__What the task asks__:
Whatever runs from the line with "Answer: December 1st, 2023" to the end of the records below must be copied exactly, with nothing else included.

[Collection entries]
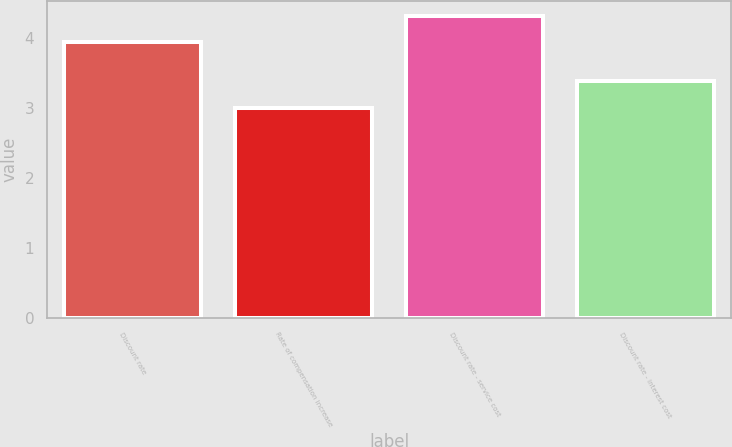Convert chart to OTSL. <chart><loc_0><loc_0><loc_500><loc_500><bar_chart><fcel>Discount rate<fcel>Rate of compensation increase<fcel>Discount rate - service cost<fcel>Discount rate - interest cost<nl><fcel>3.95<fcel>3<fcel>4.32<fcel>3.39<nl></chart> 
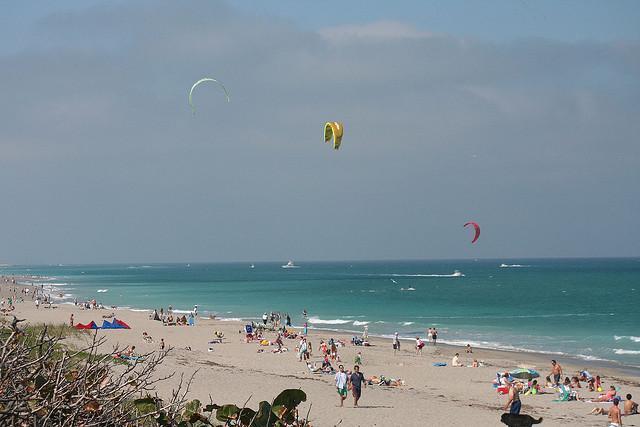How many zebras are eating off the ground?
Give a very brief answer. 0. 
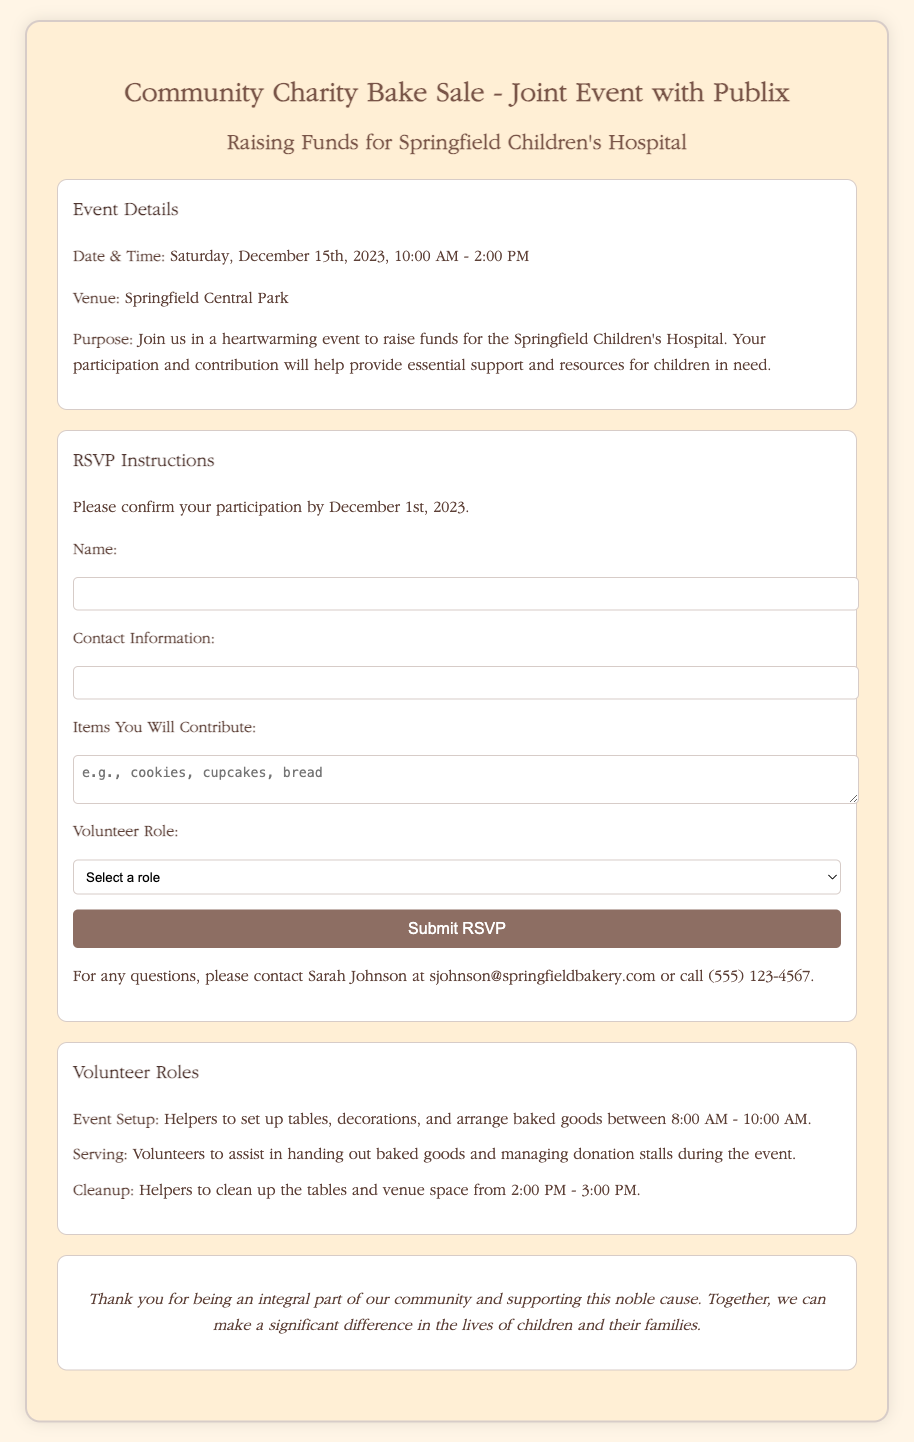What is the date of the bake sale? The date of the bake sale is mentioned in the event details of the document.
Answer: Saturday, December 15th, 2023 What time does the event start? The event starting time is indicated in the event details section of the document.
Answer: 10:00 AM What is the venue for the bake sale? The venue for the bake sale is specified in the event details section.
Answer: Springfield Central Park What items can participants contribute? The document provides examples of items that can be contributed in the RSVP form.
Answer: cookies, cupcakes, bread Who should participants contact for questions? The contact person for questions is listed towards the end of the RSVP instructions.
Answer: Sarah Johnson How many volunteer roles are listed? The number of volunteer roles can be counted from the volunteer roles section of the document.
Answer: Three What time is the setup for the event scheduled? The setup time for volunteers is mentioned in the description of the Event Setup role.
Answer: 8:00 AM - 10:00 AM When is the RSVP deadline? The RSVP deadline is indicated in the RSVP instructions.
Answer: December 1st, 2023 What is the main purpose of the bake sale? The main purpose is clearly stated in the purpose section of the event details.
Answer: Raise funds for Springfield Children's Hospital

__Result__:
Answer: December 1st, 2023 What is the main purpose of the bake sale? The main purpose is clearly stated in the purpose section of the event details.
Answer: Raise funds for Springfield Children's Hospital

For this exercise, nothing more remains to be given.